Exercise prompt: If a line of the records contains the word "made", list it.

Data to examine:
....

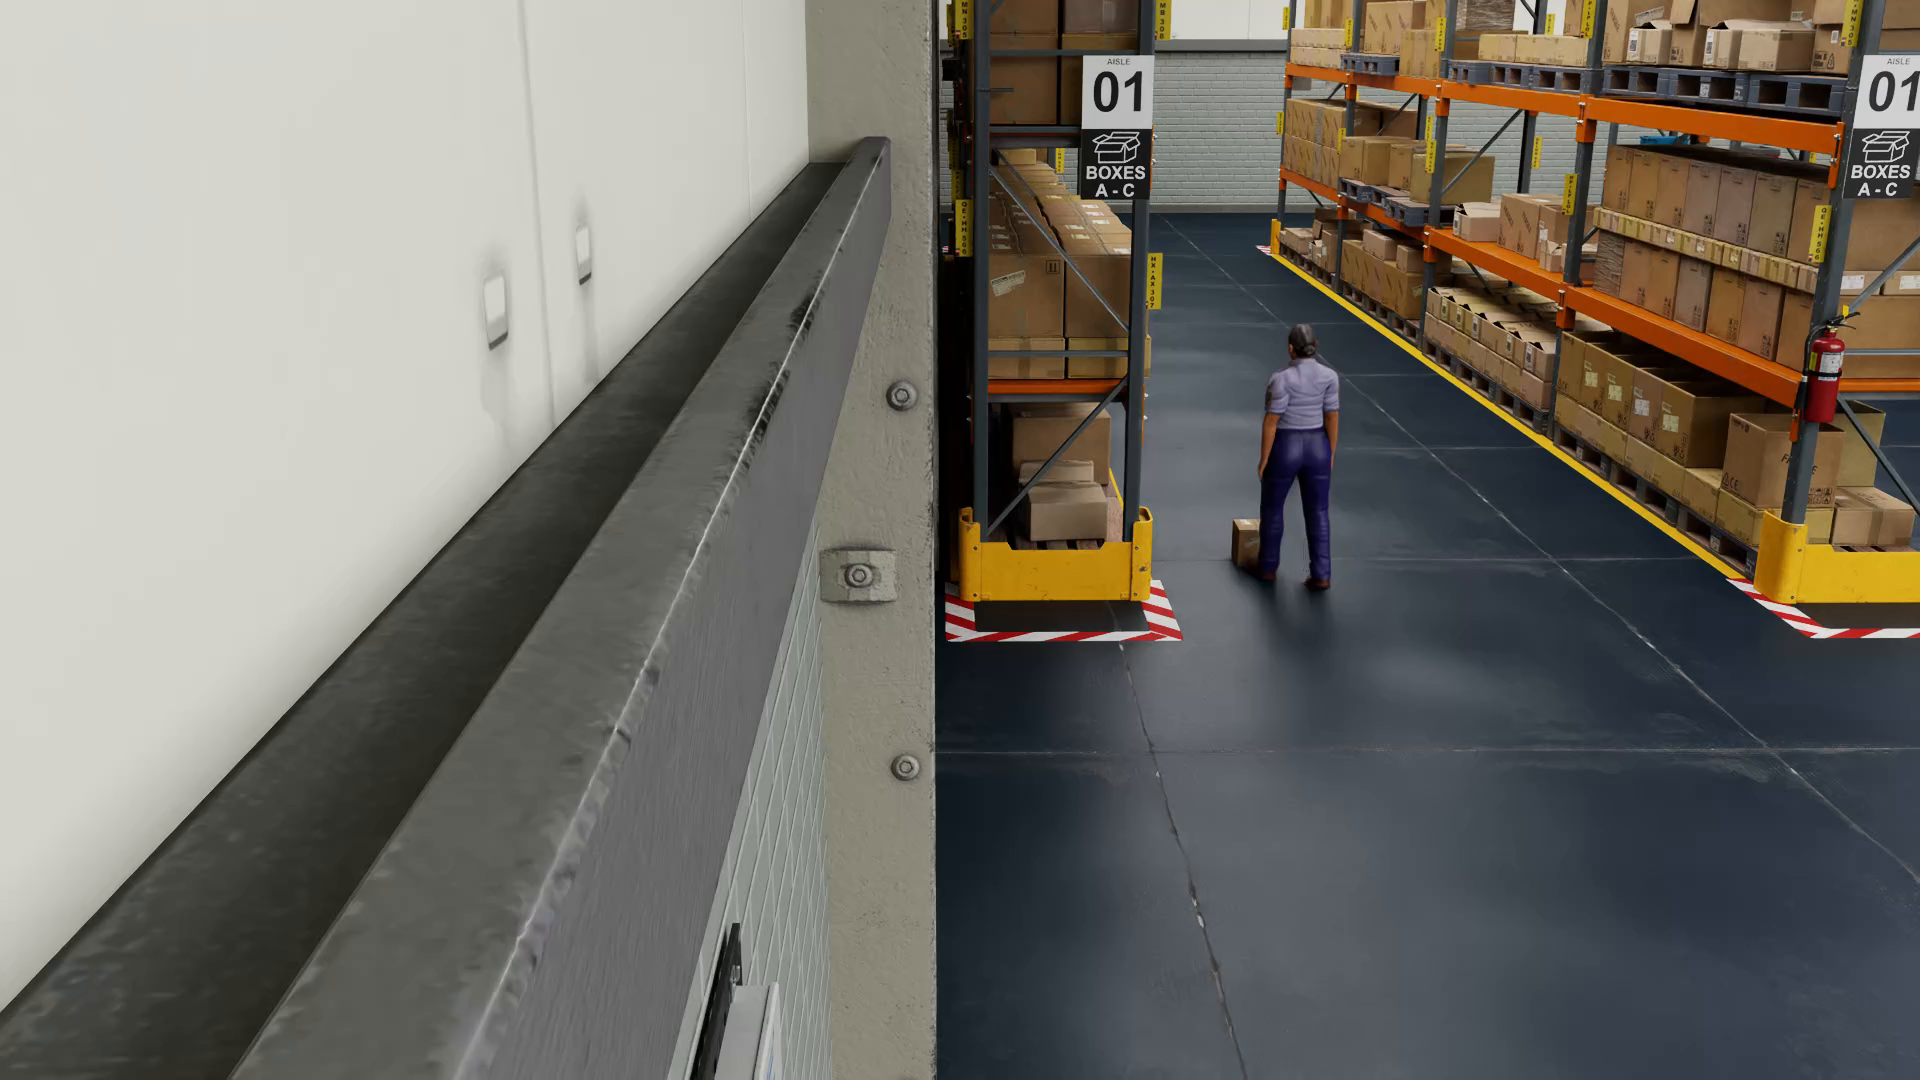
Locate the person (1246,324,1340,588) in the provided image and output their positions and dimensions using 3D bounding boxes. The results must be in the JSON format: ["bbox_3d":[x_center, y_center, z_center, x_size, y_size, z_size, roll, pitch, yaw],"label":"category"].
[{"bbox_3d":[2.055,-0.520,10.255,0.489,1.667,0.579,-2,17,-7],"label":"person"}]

....

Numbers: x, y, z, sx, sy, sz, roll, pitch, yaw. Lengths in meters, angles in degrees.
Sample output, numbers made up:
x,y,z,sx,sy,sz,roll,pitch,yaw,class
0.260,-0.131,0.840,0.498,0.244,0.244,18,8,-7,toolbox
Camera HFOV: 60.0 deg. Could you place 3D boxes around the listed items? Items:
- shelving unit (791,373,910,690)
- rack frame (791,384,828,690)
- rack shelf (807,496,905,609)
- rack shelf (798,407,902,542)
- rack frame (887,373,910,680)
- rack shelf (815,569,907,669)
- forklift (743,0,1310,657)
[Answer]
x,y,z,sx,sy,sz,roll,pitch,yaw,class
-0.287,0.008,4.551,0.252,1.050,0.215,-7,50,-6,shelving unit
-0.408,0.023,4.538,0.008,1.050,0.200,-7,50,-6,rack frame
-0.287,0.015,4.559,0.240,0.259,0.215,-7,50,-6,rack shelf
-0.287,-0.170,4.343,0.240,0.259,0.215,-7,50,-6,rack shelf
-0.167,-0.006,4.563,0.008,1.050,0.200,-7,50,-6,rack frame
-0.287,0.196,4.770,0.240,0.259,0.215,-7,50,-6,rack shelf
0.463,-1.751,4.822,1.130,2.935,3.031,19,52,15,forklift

....

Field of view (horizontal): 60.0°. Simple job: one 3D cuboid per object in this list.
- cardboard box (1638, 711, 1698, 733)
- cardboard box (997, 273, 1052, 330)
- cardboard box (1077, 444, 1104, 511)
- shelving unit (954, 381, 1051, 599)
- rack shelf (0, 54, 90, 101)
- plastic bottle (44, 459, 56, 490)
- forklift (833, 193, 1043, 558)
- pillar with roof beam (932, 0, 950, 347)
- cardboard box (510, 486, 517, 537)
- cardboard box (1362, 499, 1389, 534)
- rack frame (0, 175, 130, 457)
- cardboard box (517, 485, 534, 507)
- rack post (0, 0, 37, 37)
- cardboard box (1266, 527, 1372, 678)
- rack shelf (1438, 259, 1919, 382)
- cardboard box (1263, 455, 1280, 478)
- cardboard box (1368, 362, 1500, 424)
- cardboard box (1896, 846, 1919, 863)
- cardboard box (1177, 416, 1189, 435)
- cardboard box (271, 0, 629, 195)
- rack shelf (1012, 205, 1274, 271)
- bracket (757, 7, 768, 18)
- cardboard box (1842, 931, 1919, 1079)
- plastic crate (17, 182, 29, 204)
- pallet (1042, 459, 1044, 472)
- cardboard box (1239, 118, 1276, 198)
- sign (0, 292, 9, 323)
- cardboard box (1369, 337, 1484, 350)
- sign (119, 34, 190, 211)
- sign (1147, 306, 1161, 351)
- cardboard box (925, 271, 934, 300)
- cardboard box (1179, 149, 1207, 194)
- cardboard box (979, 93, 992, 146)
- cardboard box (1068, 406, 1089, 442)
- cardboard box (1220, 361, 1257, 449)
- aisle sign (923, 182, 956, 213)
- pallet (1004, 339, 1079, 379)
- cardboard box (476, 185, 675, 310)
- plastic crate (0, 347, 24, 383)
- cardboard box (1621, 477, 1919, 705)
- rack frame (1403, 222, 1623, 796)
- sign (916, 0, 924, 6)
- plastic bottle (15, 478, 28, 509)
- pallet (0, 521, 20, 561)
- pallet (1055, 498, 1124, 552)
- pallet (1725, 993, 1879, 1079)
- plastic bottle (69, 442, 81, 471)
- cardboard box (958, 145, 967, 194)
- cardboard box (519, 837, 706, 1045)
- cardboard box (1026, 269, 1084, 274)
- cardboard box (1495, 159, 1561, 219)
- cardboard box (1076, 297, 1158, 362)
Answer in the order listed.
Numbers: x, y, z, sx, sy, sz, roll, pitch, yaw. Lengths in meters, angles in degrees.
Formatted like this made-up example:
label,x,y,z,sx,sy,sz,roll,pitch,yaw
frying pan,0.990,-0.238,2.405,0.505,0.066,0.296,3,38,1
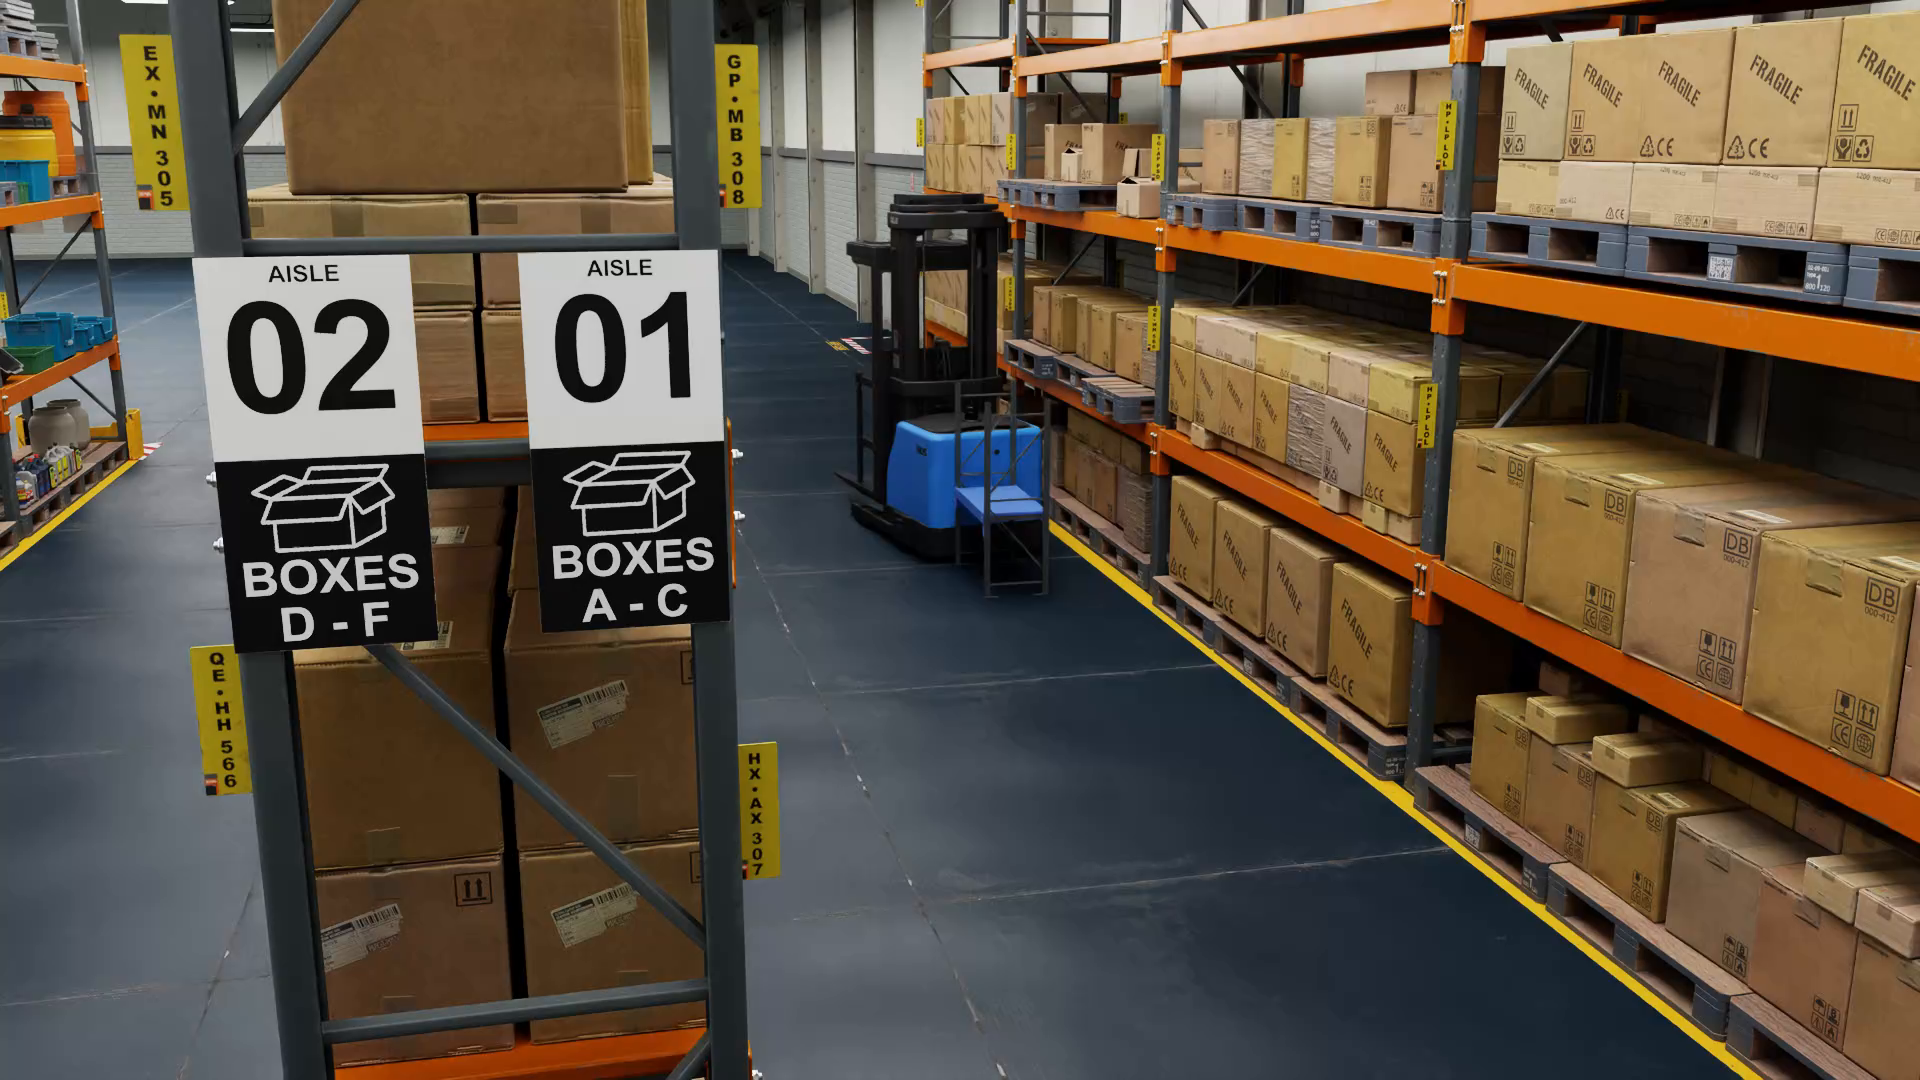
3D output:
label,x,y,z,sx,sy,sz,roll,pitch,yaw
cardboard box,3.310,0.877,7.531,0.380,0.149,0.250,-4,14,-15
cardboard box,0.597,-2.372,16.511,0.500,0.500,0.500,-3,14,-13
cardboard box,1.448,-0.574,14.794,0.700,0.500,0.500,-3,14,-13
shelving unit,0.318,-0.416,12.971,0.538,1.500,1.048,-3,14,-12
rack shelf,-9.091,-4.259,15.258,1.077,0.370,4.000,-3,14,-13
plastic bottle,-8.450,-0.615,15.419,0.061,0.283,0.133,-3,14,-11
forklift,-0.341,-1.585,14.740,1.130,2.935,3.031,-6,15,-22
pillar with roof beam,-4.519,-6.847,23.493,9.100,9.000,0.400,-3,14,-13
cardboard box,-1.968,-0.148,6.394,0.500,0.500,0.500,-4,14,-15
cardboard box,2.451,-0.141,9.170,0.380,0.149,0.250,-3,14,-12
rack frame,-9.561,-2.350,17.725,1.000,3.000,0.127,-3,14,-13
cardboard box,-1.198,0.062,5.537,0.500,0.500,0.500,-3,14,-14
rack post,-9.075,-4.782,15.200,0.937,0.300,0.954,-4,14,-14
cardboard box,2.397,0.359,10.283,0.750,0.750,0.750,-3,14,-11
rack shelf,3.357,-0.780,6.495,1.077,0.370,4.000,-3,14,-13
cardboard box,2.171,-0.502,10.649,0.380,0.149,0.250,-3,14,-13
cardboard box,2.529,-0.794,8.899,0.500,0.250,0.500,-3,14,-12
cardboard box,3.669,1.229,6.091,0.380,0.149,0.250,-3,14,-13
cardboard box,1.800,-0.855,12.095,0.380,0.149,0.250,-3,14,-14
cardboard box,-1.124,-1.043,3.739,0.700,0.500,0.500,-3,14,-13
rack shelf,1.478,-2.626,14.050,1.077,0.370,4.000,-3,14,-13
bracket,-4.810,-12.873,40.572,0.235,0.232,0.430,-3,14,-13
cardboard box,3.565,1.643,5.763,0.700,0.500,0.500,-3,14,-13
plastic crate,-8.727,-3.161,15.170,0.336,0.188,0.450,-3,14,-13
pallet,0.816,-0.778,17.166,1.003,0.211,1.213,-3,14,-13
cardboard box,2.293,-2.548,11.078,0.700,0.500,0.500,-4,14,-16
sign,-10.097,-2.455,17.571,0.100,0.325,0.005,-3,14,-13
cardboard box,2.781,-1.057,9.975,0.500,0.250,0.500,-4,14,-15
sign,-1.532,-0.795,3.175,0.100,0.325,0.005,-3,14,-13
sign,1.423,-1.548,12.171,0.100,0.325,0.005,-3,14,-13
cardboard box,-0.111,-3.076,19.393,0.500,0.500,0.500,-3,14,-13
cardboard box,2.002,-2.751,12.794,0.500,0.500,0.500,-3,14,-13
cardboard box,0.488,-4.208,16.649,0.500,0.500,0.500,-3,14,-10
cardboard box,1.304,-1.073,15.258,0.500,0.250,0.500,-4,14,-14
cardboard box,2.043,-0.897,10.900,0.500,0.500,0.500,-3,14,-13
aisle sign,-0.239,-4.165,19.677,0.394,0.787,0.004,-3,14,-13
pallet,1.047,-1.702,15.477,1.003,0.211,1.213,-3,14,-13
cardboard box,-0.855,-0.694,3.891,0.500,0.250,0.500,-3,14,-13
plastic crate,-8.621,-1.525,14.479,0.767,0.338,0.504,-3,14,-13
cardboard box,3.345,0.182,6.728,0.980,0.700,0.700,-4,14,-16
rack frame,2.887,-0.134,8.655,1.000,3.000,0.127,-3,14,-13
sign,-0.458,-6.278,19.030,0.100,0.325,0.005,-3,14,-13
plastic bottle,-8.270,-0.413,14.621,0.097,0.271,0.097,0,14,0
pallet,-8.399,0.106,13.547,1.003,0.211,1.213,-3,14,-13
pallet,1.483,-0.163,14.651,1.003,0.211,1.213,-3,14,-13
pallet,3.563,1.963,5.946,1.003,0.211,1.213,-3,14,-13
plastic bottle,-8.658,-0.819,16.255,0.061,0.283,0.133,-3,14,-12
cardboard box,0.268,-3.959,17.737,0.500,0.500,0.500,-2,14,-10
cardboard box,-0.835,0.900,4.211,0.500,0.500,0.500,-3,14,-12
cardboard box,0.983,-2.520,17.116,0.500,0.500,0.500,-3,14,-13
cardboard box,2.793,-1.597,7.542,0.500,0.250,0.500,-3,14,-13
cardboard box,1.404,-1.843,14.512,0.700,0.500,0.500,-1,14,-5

....

Answer section:
Sample output, numbers made up:
Formatted like this made-up example:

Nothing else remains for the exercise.